A new leader in the civil rights movement, the Rev. William Barber II, president of the North Carolina NAACP, brought the meeting to a climax with his declaration that tea party conservatives and politicians who cut funding for education and food stamps while giving big tax breaks for the wealthy 1% of Americans were not guilty of mere misguided politics. “It’s sin!” he thundered.

“We came to commit ourselves back to the movement,” Barber said. “If those before us were willing to die, then before I’ll be a slave I’ll be buried in my grave!”
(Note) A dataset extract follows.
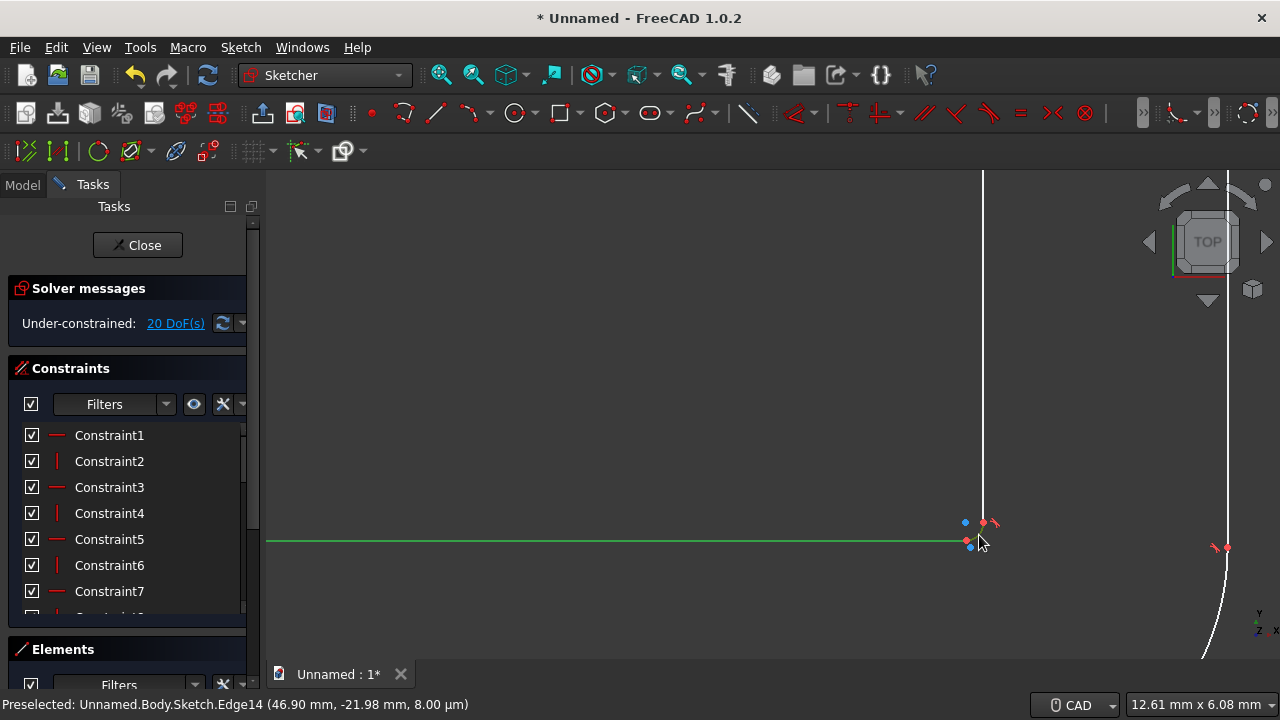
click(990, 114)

During the mass meeting, the election of an African American president was noted as significant, but there was scant praise for the president himself. Up to the last hours before the anniversary events began, local organizers bickered with planners on the national level. Obama’s decision to come to Selma on Saturday instead of Sunday, the day previous march reenactments have been held, meant he was creating a big disruption in a busy program of workshops and seminars that local organizers had planned.

There was no lack of love for the president on Saturday, though. Tens of thousands jammed Selma’s Broad Street and waited as long as six hours to hear him speak. To that mostly black crowd, Obama is their president. There may be more Hawaii than Alabama in his no-drama style, but they see him as one of their own.

After the speech, my wife and I were sitting on a curb, watching the happy crowd stroll toward rows of vendors selling T-shirts and barbecue. We got into a conversation with a man who was also sitting on the street, waiting for his wife to bring some ice cream. The man said he had listened closely to all of Obama’s speeches and thought this one would be remembered in history books.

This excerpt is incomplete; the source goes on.